Redefining SOTA

However, a SOTA score in today’s context accomplishes neither of those goals. Because of the way many benchmark datasets are constructed, a high test score (even surpassing human performance) is unlikely to mean that the model is ready for real-world deployment or that the task is “solved.” Furthermore, the ability of neural methods to predictably improve performance with scale means that a single SOTA score is not enough information to decide whether one neural method is better than another.

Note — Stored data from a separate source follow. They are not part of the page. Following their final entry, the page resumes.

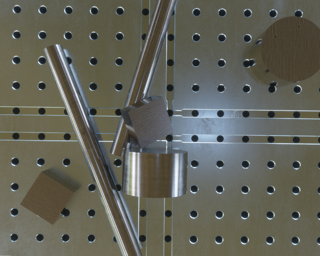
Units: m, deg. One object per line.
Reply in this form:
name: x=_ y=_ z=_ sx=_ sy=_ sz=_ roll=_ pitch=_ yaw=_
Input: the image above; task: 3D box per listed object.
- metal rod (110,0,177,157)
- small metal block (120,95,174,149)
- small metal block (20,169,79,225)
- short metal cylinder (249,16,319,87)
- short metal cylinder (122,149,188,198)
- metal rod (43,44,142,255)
metal rod: x=-0.011 y=-0.107 z=0.413 sx=0.025 sy=0.025 sz=0.298 roll=17 pitch=90 yaw=0
small metal block: x=-0.016 y=-0.009 z=0.397 sx=0.050 sy=0.025 sz=0.050 roll=-27 pitch=111 yaw=-24
small metal block: x=-0.146 y=0.091 z=0.412 sx=0.050 sy=0.025 sz=0.050 roll=33 pitch=90 yaw=0
short metal cylinder: x=0.163 y=-0.096 z=0.402 sx=0.081 sy=0.050 sz=0.079 roll=0 pitch=90 yaw=0
short metal cylinder: x=-0.006 y=0.053 z=0.386 sx=0.081 sy=0.080 sz=0.050 roll=2 pitch=90 yaw=0
metal rod: x=-0.089 y=0.034 z=0.412 sx=0.025 sy=0.025 sz=0.299 roll=-21 pitch=90 yaw=0
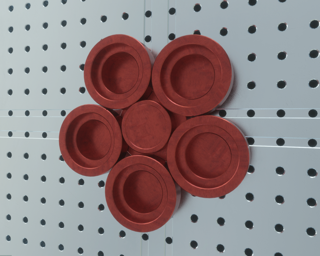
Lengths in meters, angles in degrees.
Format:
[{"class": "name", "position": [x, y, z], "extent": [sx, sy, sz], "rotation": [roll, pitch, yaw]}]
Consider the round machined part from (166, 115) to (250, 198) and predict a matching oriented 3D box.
[{"class": "round machined part", "position": [0.061, 0.033, 0.382], "extent": [0.098, 0.042, 0.097], "rotation": [0, 90, 20]}]

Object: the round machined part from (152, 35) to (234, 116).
[{"class": "round machined part", "position": [0.043, -0.063, 0.388], "extent": [0.098, 0.042, 0.097], "rotation": [0, 90, 20]}]

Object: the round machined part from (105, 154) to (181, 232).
[{"class": "round machined part", "position": [-0.019, 0.083, 0.410], "extent": [0.098, 0.042, 0.097], "rotation": [0, 90, 20]}]

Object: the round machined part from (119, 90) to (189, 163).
[{"class": "round machined part", "position": [-0.011, -0.001, 0.407], "extent": [0.098, 0.042, 0.097], "rotation": [0, 90, 20]}]

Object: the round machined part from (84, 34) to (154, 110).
[{"class": "round machined part", "position": [-0.050, -0.073, 0.421], "extent": [0.098, 0.042, 0.097], "rotation": [0, 90, 20]}]

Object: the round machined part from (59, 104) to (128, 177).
[{"class": "round machined part", "position": [-0.088, 0.016, 0.435], "extent": [0.098, 0.042, 0.097], "rotation": [0, 90, 20]}]
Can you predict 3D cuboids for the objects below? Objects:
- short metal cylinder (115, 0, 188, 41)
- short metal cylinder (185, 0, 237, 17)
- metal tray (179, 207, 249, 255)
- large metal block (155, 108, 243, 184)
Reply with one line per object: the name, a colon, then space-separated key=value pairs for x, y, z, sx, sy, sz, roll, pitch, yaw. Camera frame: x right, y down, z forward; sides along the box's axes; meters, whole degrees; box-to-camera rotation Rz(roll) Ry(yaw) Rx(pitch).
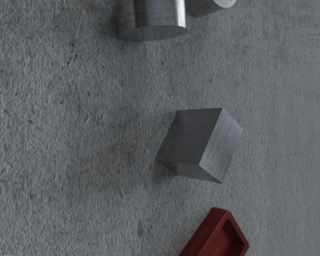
short metal cylinder: x=-0.010 y=-0.135 z=0.360 sx=0.081 sy=0.080 sz=0.050 roll=-9 pitch=96 yaw=-40
short metal cylinder: x=0.069 y=-0.207 z=0.445 sx=0.081 sy=0.050 sz=0.080 roll=0 pitch=90 yaw=-40
metal tray: x=0.077 y=0.197 z=0.466 sx=0.131 sy=0.030 sz=0.090 roll=-46 pitch=117 yaw=-30
large metal block: x=0.051 y=0.022 z=0.412 sx=0.050 sy=0.080 sz=0.080 roll=40 pitch=66 yaw=-33
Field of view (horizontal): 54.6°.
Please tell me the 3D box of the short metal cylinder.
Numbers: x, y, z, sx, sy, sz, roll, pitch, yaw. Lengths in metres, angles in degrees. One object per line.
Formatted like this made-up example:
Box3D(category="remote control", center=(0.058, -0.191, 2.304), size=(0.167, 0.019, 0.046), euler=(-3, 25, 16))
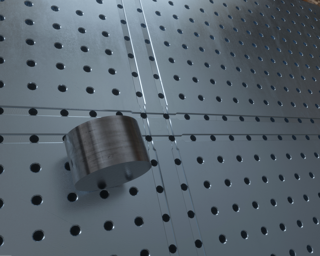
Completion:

I think redefining SOTA can be more generally reframed as redefining benchmarking, and most likely some model can be SOTA in many tasks and areas but unlikely all around.

Having human-level performance on a dataset with specific evaluation metrics never means we achieve general AI. To me, it is a statement on how the community collaborative decides in what direction and area we need to improve our models (aka. Selection Bias from [[The Benchmark Lottery]])

Any paper proposing a new “SOTA” neural method needs to report not just the data / compute used to achieve SOTA, but the score achieved at several at several points of data/compute. The slope of the curve should be better than all other known methods. SOTA scaling is the objective, not SOTA scores.

Interesting idea, SOTA scaling. Similarly, model performance metrics in other areas are also drawing more and more attention like the [[Dynaboard An Evaluation-As-A-Service Platform for Holistic Next-Generation Benchmarking|Dynascore]].